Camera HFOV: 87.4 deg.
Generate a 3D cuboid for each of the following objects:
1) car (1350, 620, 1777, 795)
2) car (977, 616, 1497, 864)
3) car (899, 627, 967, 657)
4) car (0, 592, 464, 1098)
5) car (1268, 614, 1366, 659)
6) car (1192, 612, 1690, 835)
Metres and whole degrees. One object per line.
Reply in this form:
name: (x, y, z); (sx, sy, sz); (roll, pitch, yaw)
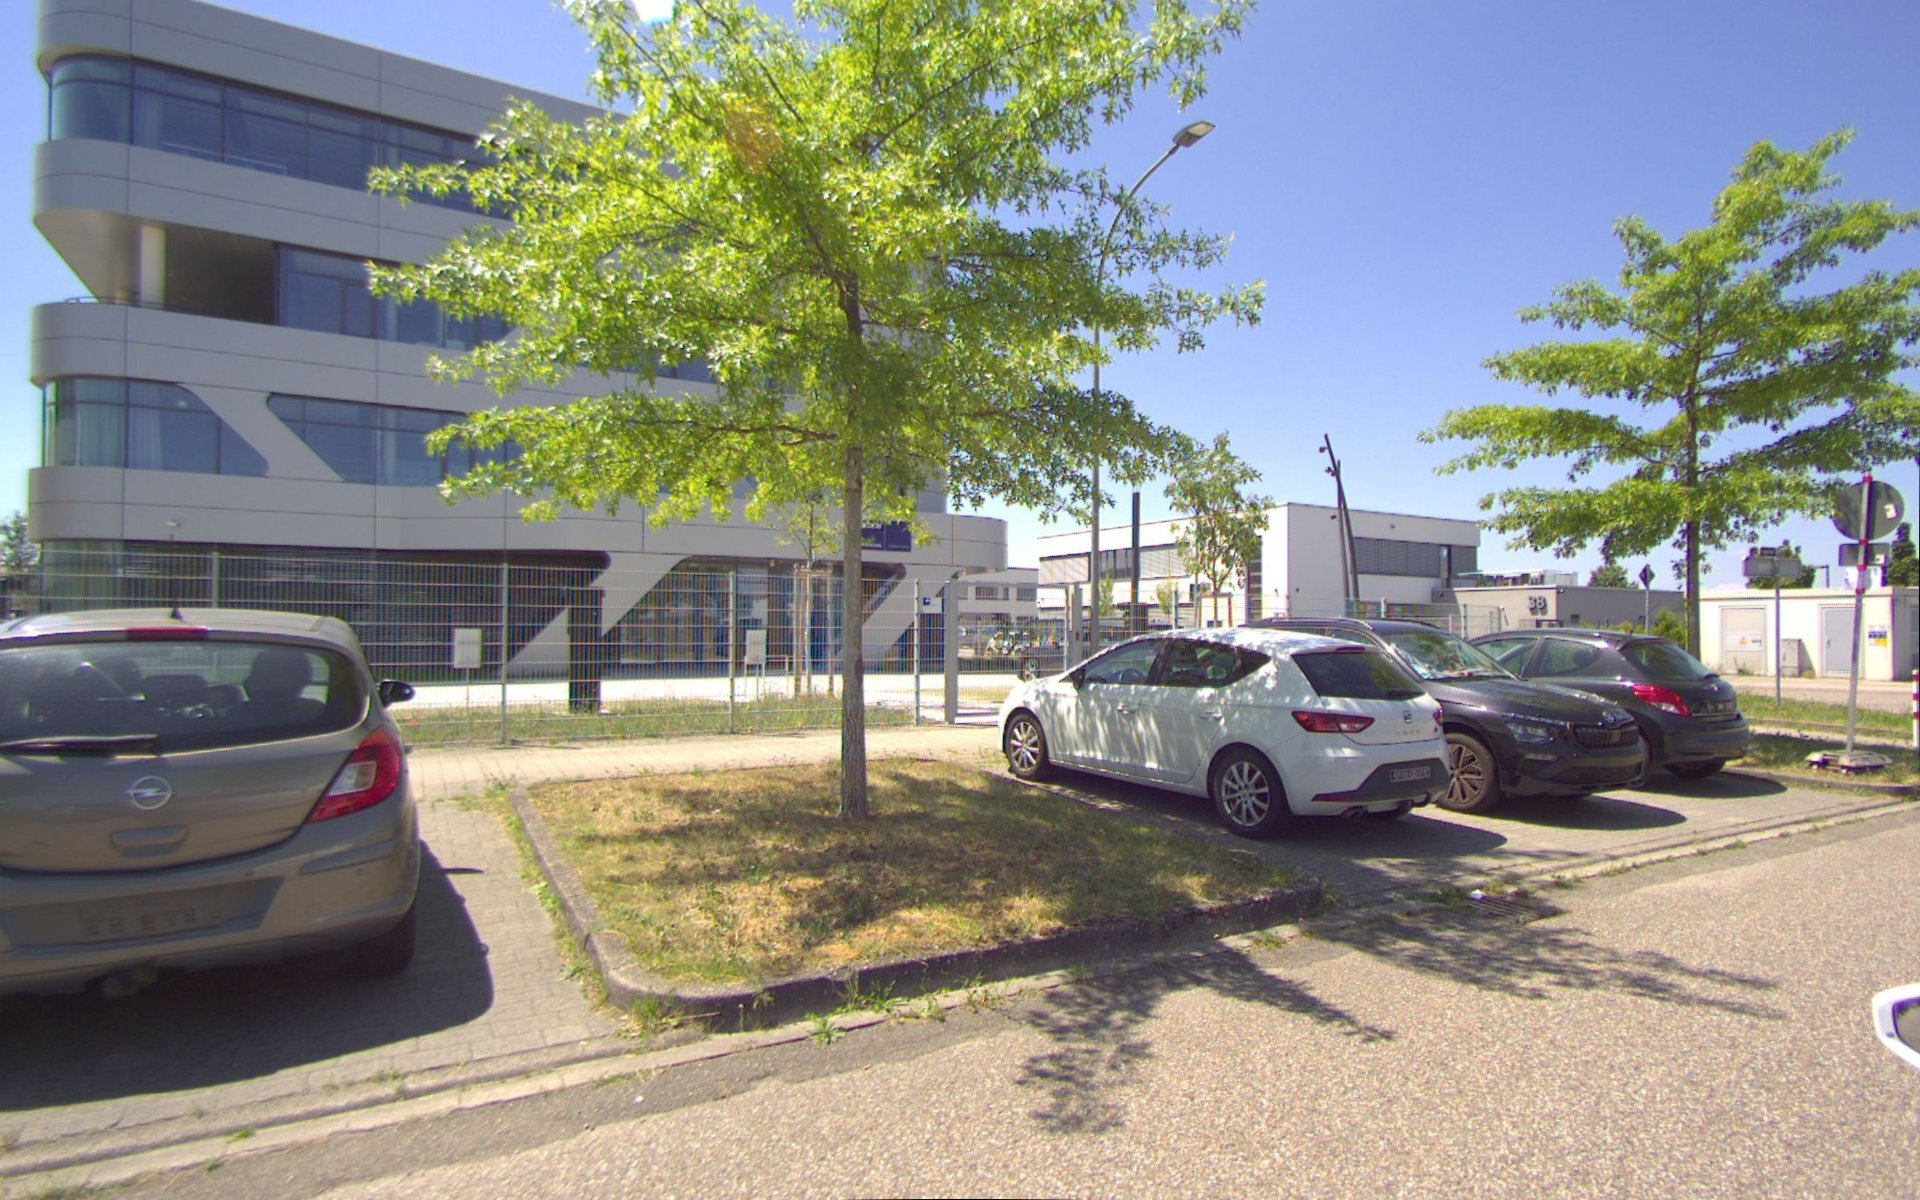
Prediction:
car: (6.361, 1.006, 10.960); (1.707, 1.455, 3.605); (1, 0, -32)
car: (2.042, 0.927, 8.533); (1.854, 1.443, 4.051); (1, 0, -33)
car: (-1.558, 2.358, 56.342); (1.979, 1.560, 3.964); (4, -4, -33)
car: (-3.569, 0.749, 4.819); (1.713, 1.528, 3.635); (1, 0, -33)
car: (16.736, 1.704, 47.202); (1.979, 2.040, 3.964); (1, -2, -33)
car: (4.258, 0.946, 9.498); (1.765, 1.541, 3.905); (1, 0, -32)

====================

#### [HOW TO COMPLETE THIS TASK]
Reproduce all entries exactly. Pictures do not belong in the copy.

#### [YOUR SOLUTION]
Camera HFOV: 87.4 deg.
Generate a 3D cuboid for each of the following objects:
1) car (1350, 620, 1777, 795)
2) car (977, 616, 1497, 864)
3) car (899, 627, 967, 657)
4) car (0, 592, 464, 1098)
5) car (1268, 614, 1366, 659)
6) car (1192, 612, 1690, 835)
Metres and whole degrees. One object per line.
Reply in this form:
name: (x, y, z); (sx, sy, sz); (roll, pitch, yaw)
Prediction:
car: (6.361, 1.006, 10.960); (1.707, 1.455, 3.605); (1, 0, -32)
car: (2.042, 0.927, 8.533); (1.854, 1.443, 4.051); (1, 0, -33)
car: (-1.558, 2.358, 56.342); (1.979, 1.560, 3.964); (4, -4, -33)
car: (-3.569, 0.749, 4.819); (1.713, 1.528, 3.635); (1, 0, -33)
car: (16.736, 1.704, 47.202); (1.979, 2.040, 3.964); (1, -2, -33)
car: (4.258, 0.946, 9.498); (1.765, 1.541, 3.905); (1, 0, -32)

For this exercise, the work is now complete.